Sunday, October 28, 2007

Launch a Crusade

The fastest companies have causes that they use to launch crusades. In It's Not the Big That Eat the Small...It's the Fast That Eat the Slow: How to Use Speed as a Competitive Tool in Business, Jason Jennings and Laurence Haughton write about launching crusades.

Causes Over Visions
Jennings and Haughton contrast the definition of a cause with a vision:

  • Cause - that which gives rise to an action, a motive, a principle, a belief, or purpose.
  • Vision - someting perceived in a dream, trance, spell or stupor; something supernaturally revealed to a prophet.
Example Causes
Jennings and Haughton share example causes:

  • Charles Schwab - "To be the most ethical and useful financial services company in the world."
  • AOL - "To build a global medium as central to people's lives as the telephone or television, only more useful."
  • Hotmail - "To revolutionize and democratize communications."
  • Clear Channel - "Creating value for the shareholder."
  • Telepizza - "Creating a world of Telepizza citizens."
Where Do Causes Come From
Jennings and Haughton write:

"Unlike missions and visions, which are generally created by commitees and sufficiently watered down to please everyone, offend nobody, and motivate no
one, a cause comes from a defining moment in a leader's life."

Criteria for a Cause
Jennings and Haughton found eight criteria that were common to the causes of companies that consistently demonstrated an ability to get to market faster than their rivals:

  • Causes are never goals.
  • Causes big enough for crusades come from the heart.
  • The best causes are big, bold, and aspirational.
  • Causes are inclusive.
  • Causes aren't just about profit.
  • Big causes have an aha! effect.
  • A cause needn't be credible to the outside world.
  • Causes are expressed in few words.
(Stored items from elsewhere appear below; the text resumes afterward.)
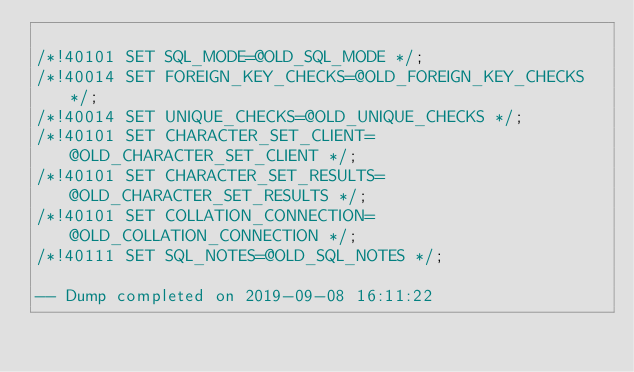<code> <loc_0><loc_0><loc_500><loc_500><_SQL_>
/*!40101 SET SQL_MODE=@OLD_SQL_MODE */;
/*!40014 SET FOREIGN_KEY_CHECKS=@OLD_FOREIGN_KEY_CHECKS */;
/*!40014 SET UNIQUE_CHECKS=@OLD_UNIQUE_CHECKS */;
/*!40101 SET CHARACTER_SET_CLIENT=@OLD_CHARACTER_SET_CLIENT */;
/*!40101 SET CHARACTER_SET_RESULTS=@OLD_CHARACTER_SET_RESULTS */;
/*!40101 SET COLLATION_CONNECTION=@OLD_COLLATION_CONNECTION */;
/*!40111 SET SQL_NOTES=@OLD_SQL_NOTES */;

-- Dump completed on 2019-09-08 16:11:22
</code> 
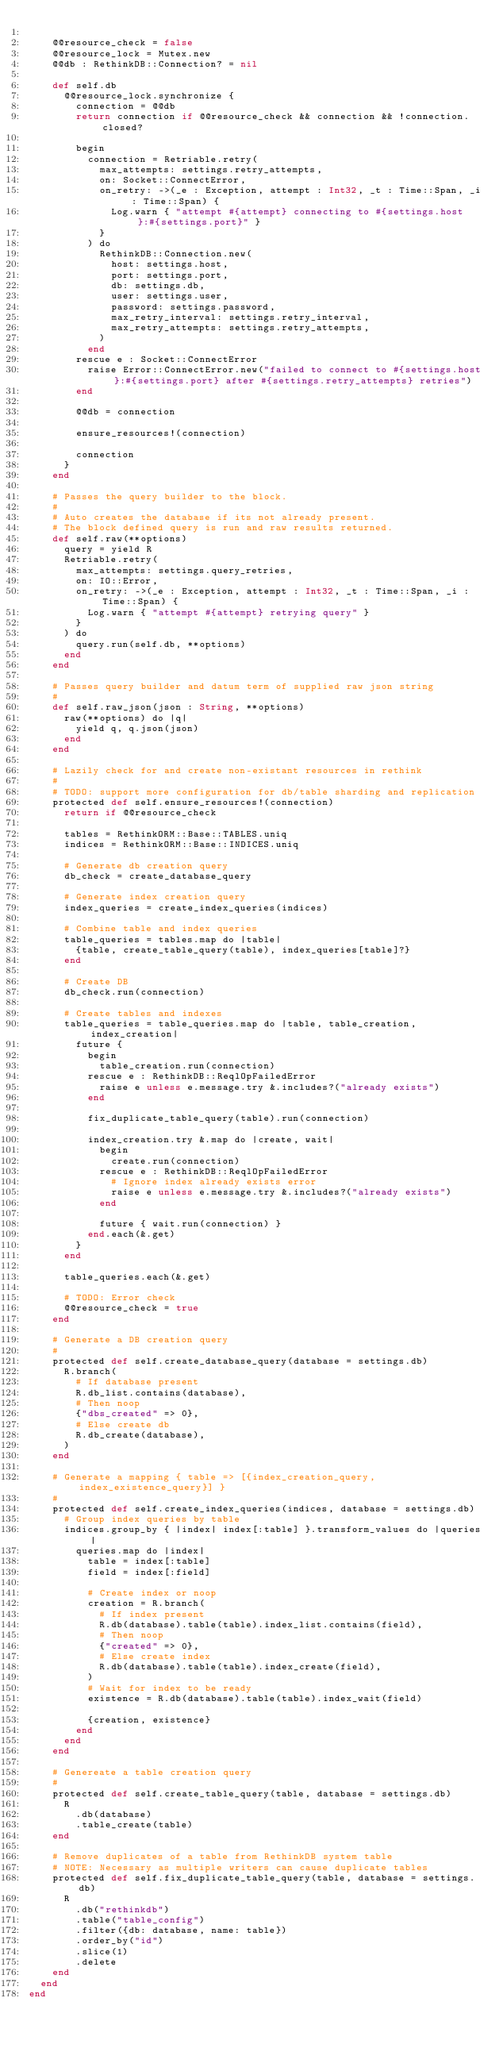<code> <loc_0><loc_0><loc_500><loc_500><_Crystal_>
    @@resource_check = false
    @@resource_lock = Mutex.new
    @@db : RethinkDB::Connection? = nil

    def self.db
      @@resource_lock.synchronize {
        connection = @@db
        return connection if @@resource_check && connection && !connection.closed?

        begin
          connection = Retriable.retry(
            max_attempts: settings.retry_attempts,
            on: Socket::ConnectError,
            on_retry: ->(_e : Exception, attempt : Int32, _t : Time::Span, _i : Time::Span) {
              Log.warn { "attempt #{attempt} connecting to #{settings.host}:#{settings.port}" }
            }
          ) do
            RethinkDB::Connection.new(
              host: settings.host,
              port: settings.port,
              db: settings.db,
              user: settings.user,
              password: settings.password,
              max_retry_interval: settings.retry_interval,
              max_retry_attempts: settings.retry_attempts,
            )
          end
        rescue e : Socket::ConnectError
          raise Error::ConnectError.new("failed to connect to #{settings.host}:#{settings.port} after #{settings.retry_attempts} retries")
        end

        @@db = connection

        ensure_resources!(connection)

        connection
      }
    end

    # Passes the query builder to the block.
    #
    # Auto creates the database if its not already present.
    # The block defined query is run and raw results returned.
    def self.raw(**options)
      query = yield R
      Retriable.retry(
        max_attempts: settings.query_retries,
        on: IO::Error,
        on_retry: ->(_e : Exception, attempt : Int32, _t : Time::Span, _i : Time::Span) {
          Log.warn { "attempt #{attempt} retrying query" }
        }
      ) do
        query.run(self.db, **options)
      end
    end

    # Passes query builder and datum term of supplied raw json string
    #
    def self.raw_json(json : String, **options)
      raw(**options) do |q|
        yield q, q.json(json)
      end
    end

    # Lazily check for and create non-existant resources in rethink
    #
    # TODO: support more configuration for db/table sharding and replication
    protected def self.ensure_resources!(connection)
      return if @@resource_check

      tables = RethinkORM::Base::TABLES.uniq
      indices = RethinkORM::Base::INDICES.uniq

      # Generate db creation query
      db_check = create_database_query

      # Generate index creation query
      index_queries = create_index_queries(indices)

      # Combine table and index queries
      table_queries = tables.map do |table|
        {table, create_table_query(table), index_queries[table]?}
      end

      # Create DB
      db_check.run(connection)

      # Create tables and indexes
      table_queries = table_queries.map do |table, table_creation, index_creation|
        future {
          begin
            table_creation.run(connection)
          rescue e : RethinkDB::ReqlOpFailedError
            raise e unless e.message.try &.includes?("already exists")
          end

          fix_duplicate_table_query(table).run(connection)

          index_creation.try &.map do |create, wait|
            begin
              create.run(connection)
            rescue e : RethinkDB::ReqlOpFailedError
              # Ignore index already exists error
              raise e unless e.message.try &.includes?("already exists")
            end

            future { wait.run(connection) }
          end.each(&.get)
        }
      end

      table_queries.each(&.get)

      # TODO: Error check
      @@resource_check = true
    end

    # Generate a DB creation query
    #
    protected def self.create_database_query(database = settings.db)
      R.branch(
        # If database present
        R.db_list.contains(database),
        # Then noop
        {"dbs_created" => 0},
        # Else create db
        R.db_create(database),
      )
    end

    # Generate a mapping { table => [{index_creation_query, index_existence_query}] }
    #
    protected def self.create_index_queries(indices, database = settings.db)
      # Group index queries by table
      indices.group_by { |index| index[:table] }.transform_values do |queries|
        queries.map do |index|
          table = index[:table]
          field = index[:field]

          # Create index or noop
          creation = R.branch(
            # If index present
            R.db(database).table(table).index_list.contains(field),
            # Then noop
            {"created" => 0},
            # Else create index
            R.db(database).table(table).index_create(field),
          )
          # Wait for index to be ready
          existence = R.db(database).table(table).index_wait(field)

          {creation, existence}
        end
      end
    end

    # Genereate a table creation query
    #
    protected def self.create_table_query(table, database = settings.db)
      R
        .db(database)
        .table_create(table)
    end

    # Remove duplicates of a table from RethinkDB system table
    # NOTE: Necessary as multiple writers can cause duplicate tables
    protected def self.fix_duplicate_table_query(table, database = settings.db)
      R
        .db("rethinkdb")
        .table("table_config")
        .filter({db: database, name: table})
        .order_by("id")
        .slice(1)
        .delete
    end
  end
end
</code>

Disney's was building a place to "make people happy."

Turning Causes into a Crusade
Visions and missions often fail to achieve the desired objective. Discovering and creating a cause, and turning it into action is a replicable model, but it's more than hanging a plague on a wall. Jennings and Haughton write the eight steps that successful companies do:

  • The leader/founder/CEO must live the cause.
  • Those around the leader must also live the cause.
  • All key executives and managers must be seen as living the cause.
  • Everyone is invited to join the crusade.
  • Those not joining the crusade are invited to leave.
  • Reward activities that advance the crusade and punish those that don't.
  • Constantly celebrate the cause and crusade.
  • Eventually, the cause and crusade become the reason for existence.
Key Take Aways
In my experience, I would agree that a compelling "why" or purpose matters more than the actual "what" or vision. "Why" is ultimately the motivation. Whether or not a vision is compelling depends on how compelling the "why" actually is.